What you will do - Although the entries contain pictures, repeat only their words, exactly as written.

(Data excerpts)

———

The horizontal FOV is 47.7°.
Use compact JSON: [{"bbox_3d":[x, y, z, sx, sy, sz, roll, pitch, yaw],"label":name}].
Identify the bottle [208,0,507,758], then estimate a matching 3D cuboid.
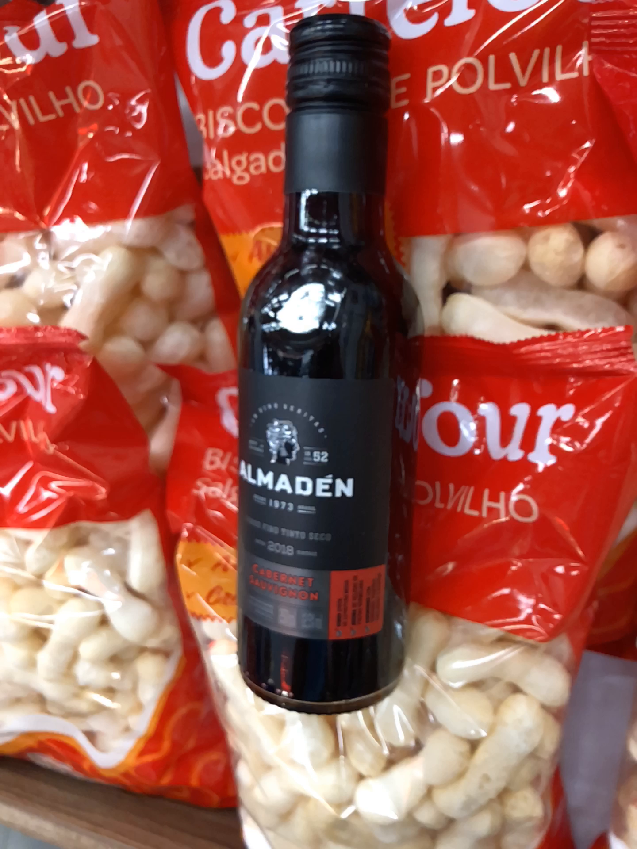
[{"bbox_3d":[0.010,-0.018,0.207,0.060,0.050,0.200,7,100,24],"label":"bottle"}]
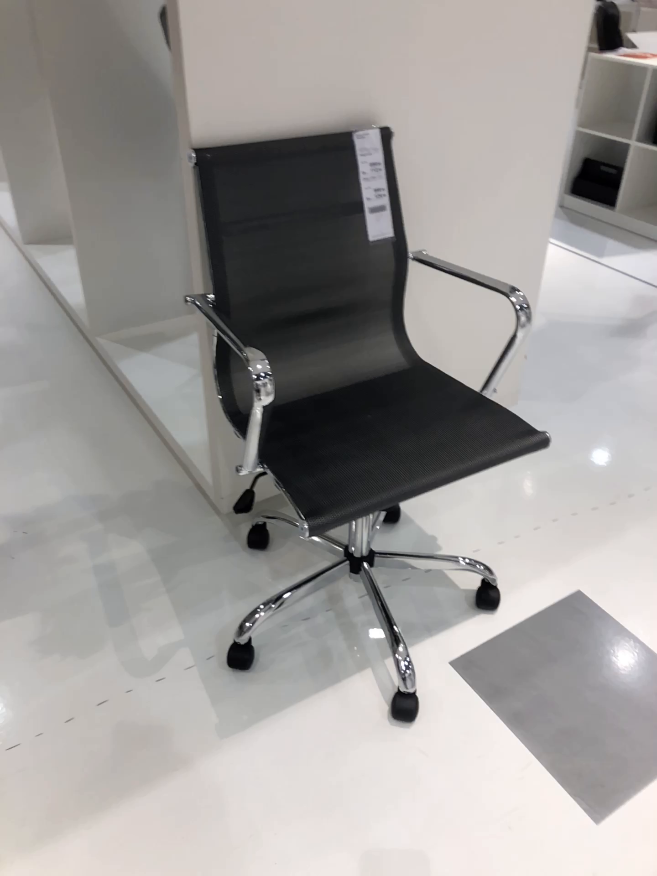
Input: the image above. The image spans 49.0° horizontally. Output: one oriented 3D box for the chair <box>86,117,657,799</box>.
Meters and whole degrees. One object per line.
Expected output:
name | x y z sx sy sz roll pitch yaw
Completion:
chair | 0.035 -0.014 1.322 0.622 0.903 0.653 -18 39 -25
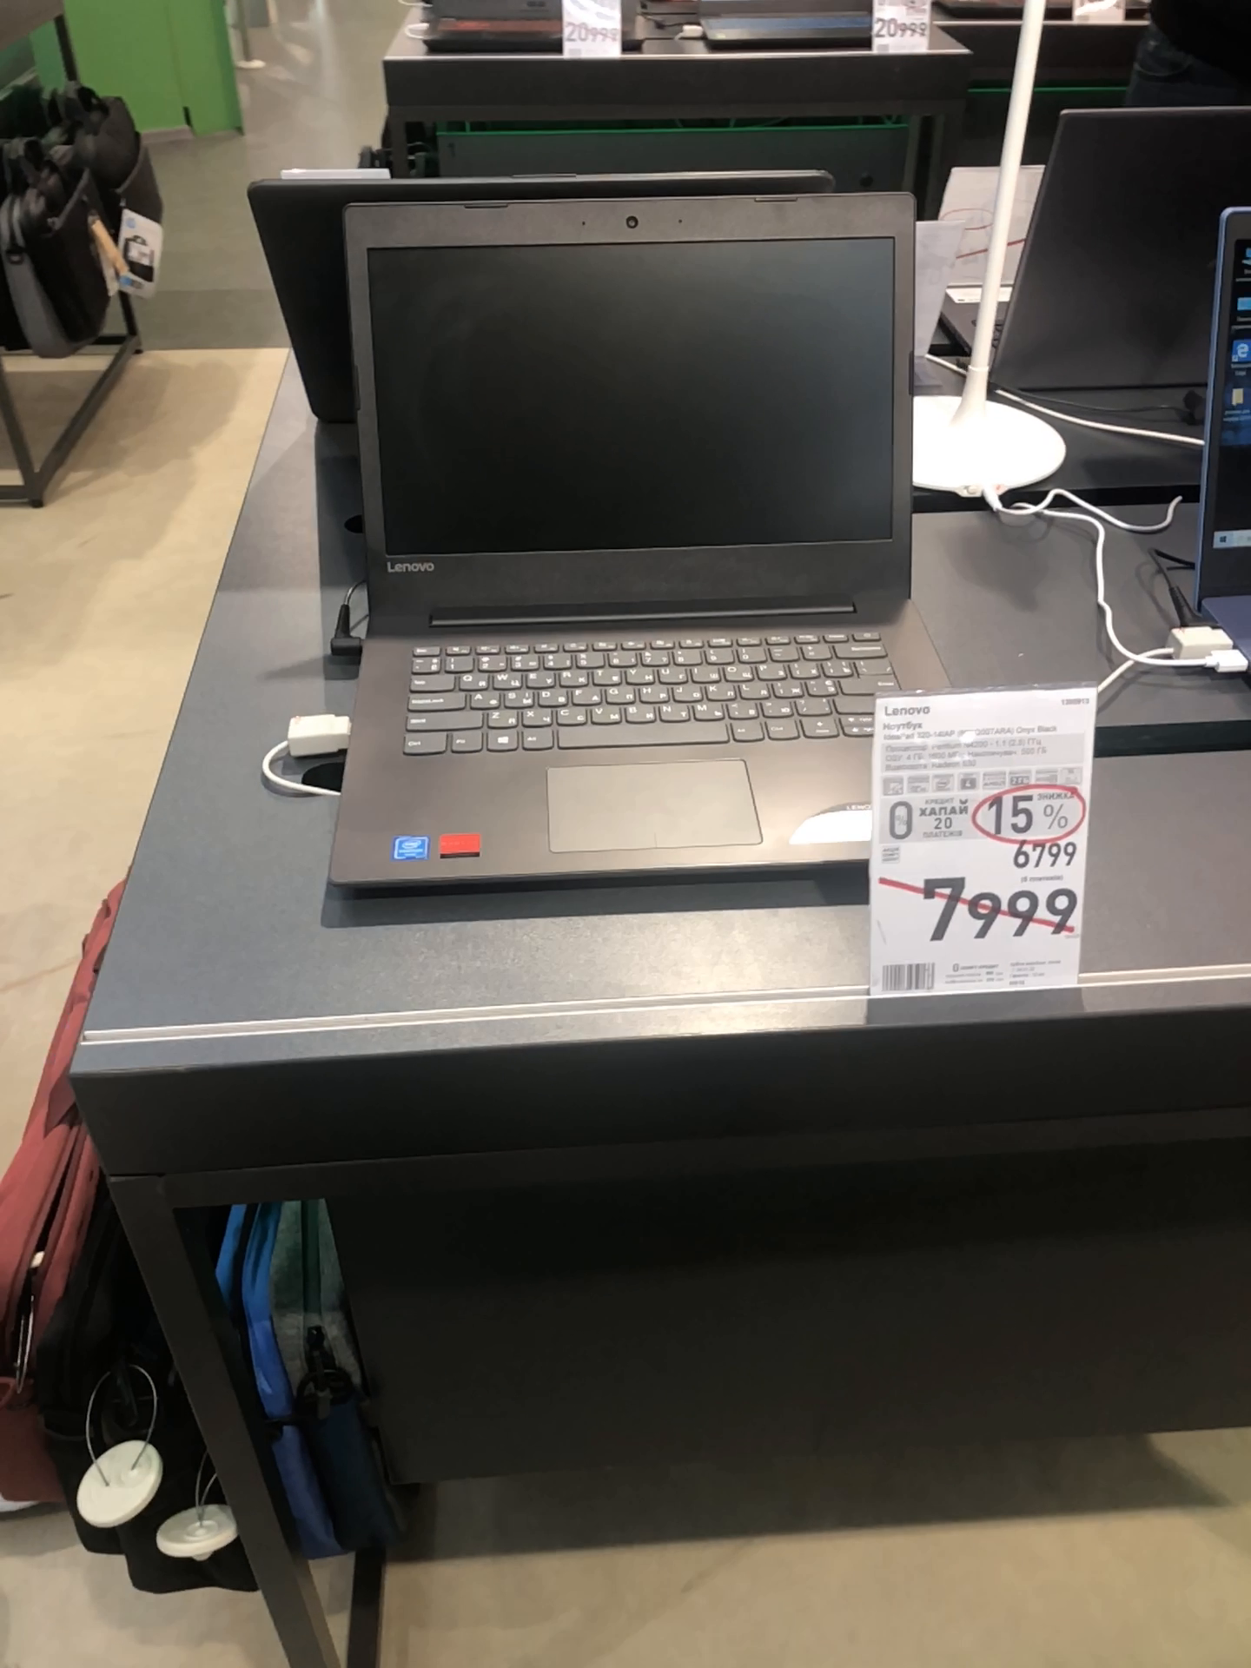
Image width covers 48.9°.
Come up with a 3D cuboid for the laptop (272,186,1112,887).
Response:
[{"bbox_3d":[0.018,-0.180,0.738,0.330,0.205,0.363,-2,40,-3],"label":"laptop"}]
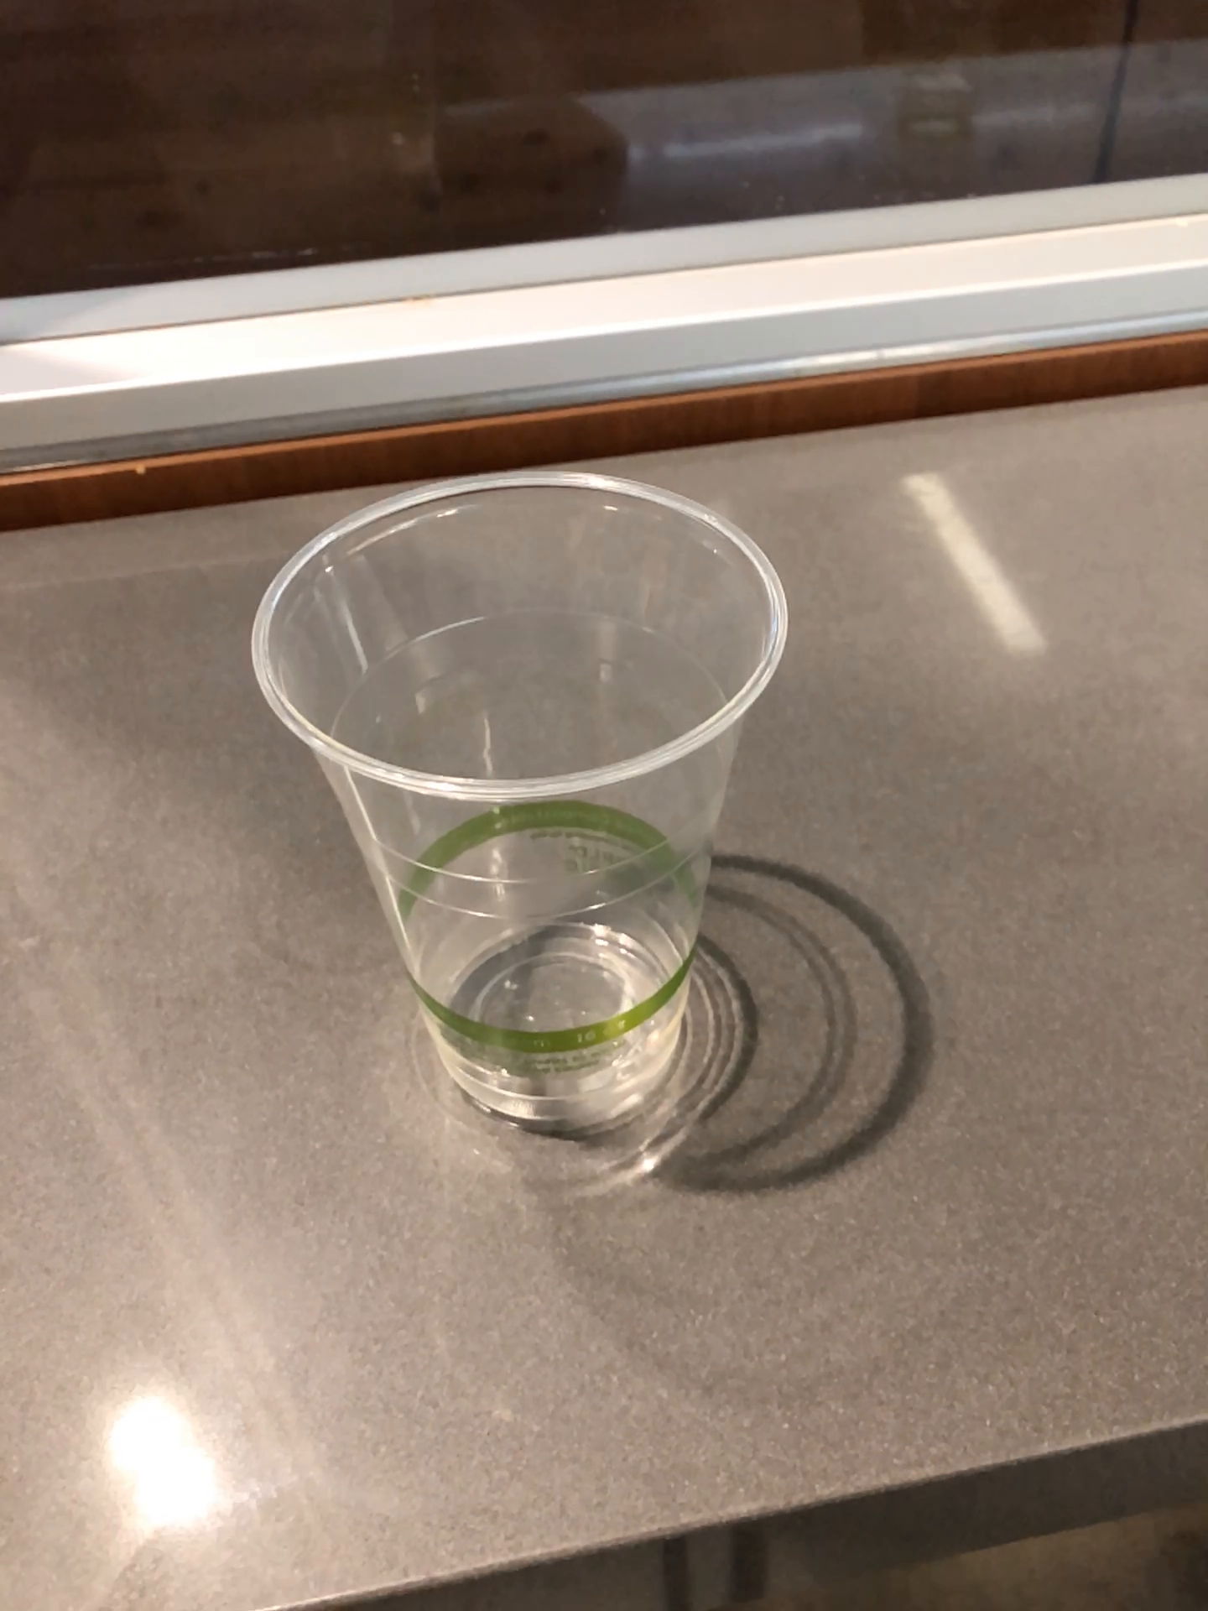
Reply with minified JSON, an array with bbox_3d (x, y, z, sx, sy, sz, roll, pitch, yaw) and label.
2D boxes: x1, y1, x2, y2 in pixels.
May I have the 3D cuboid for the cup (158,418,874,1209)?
[{"bbox_3d":[-0.009,-0.002,0.285,0.100,0.109,0.100,-2,42,1],"label":"cup"}]
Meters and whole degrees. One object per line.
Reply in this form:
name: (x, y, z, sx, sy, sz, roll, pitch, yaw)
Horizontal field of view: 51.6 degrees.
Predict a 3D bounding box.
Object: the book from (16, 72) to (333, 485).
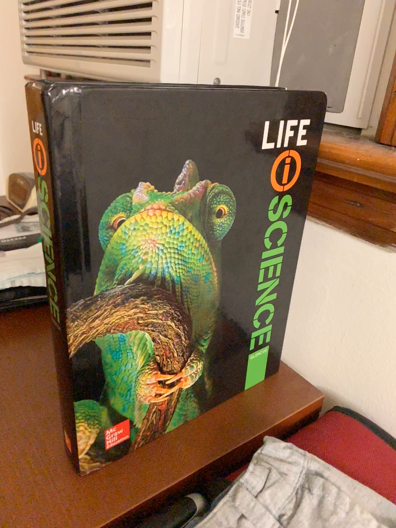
book: (-0.007, 0.006, 0.338, 0.227, 0.286, 0.051, -15, 31, -35)
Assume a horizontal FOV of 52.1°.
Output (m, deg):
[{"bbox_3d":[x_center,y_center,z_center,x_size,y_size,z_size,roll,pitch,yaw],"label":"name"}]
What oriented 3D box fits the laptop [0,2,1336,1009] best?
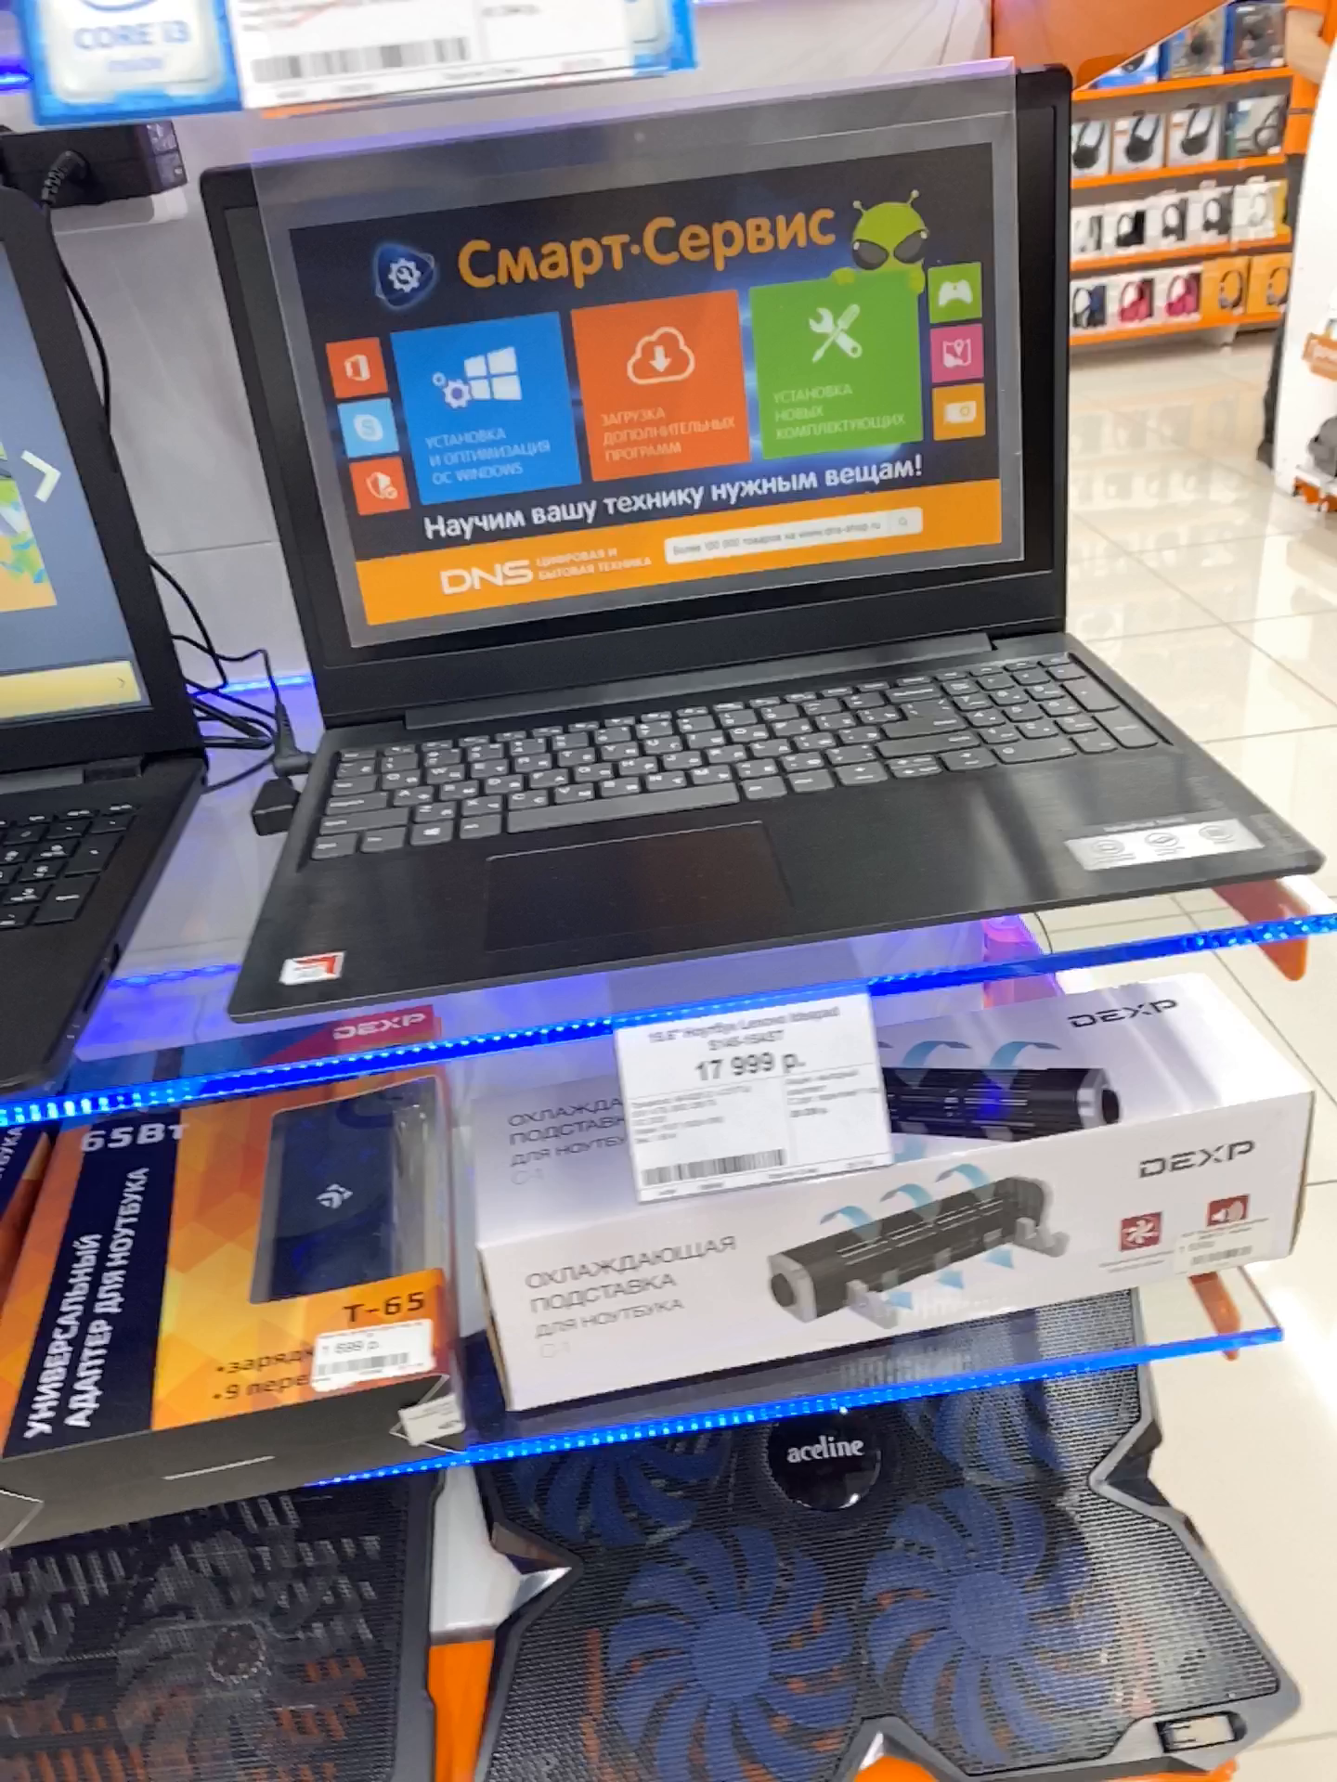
[{"bbox_3d":[0.016,-0.152,0.503,0.357,0.236,0.267,-8,28,-2],"label":"laptop"}]

———

Task answer -
The horizontal FOV is 47.7°.
Use compact JSON: [{"bbox_3d":[x, y, z, sx, sy, sz, roll, pitch, yaw],"label":name}].
Identify the bottle [208,0,507,758], then estimate a matching 3D cuboid.
[{"bbox_3d":[0.010,-0.018,0.207,0.060,0.050,0.200,7,100,24],"label":"bottle"}]
Input: the image above. The image spans 49.0° horizontally. Output: one oriented 3D box for the chair <box>86,117,657,799</box>.
Meters and whole degrees. One object per line.
Expected output:
name | x y z sx sy sz roll pitch yaw
Completion:
chair | 0.035 -0.014 1.322 0.622 0.903 0.653 -18 39 -25
Image width covers 48.9°.
Come up with a 3D cuboid for the laptop (272,186,1112,887).
Response:
[{"bbox_3d":[0.018,-0.180,0.738,0.330,0.205,0.363,-2,40,-3],"label":"laptop"}]
Reply with minified JSON, an array with bbox_3d (x, y, z, sx, sy, sz, roll, pitch, yaw) and label.
2D boxes: x1, y1, x2, y2 in pixels.
May I have the 3D cuboid for the cup (158,418,874,1209)?
[{"bbox_3d":[-0.009,-0.002,0.285,0.100,0.109,0.100,-2,42,1],"label":"cup"}]
Meters and whole degrees. One object per line.
Reply in this form:
name: (x, y, z, sx, sy, sz, roll, pitch, yaw)
Horizontal field of view: 51.6 degrees.
Predict a 3D bounding box.
Object: the book from (16, 72) to (333, 485).
book: (-0.007, 0.006, 0.338, 0.227, 0.286, 0.051, -15, 31, -35)
Assume a horizontal FOV of 52.1°.
Output (m, deg):
[{"bbox_3d":[x_center,y_center,z_center,x_size,y_size,z_size,roll,pitch,yaw],"label":"name"}]
What oriented 3D box fits the laptop [0,2,1336,1009] best?
[{"bbox_3d":[0.016,-0.152,0.503,0.357,0.236,0.267,-8,28,-2],"label":"laptop"}]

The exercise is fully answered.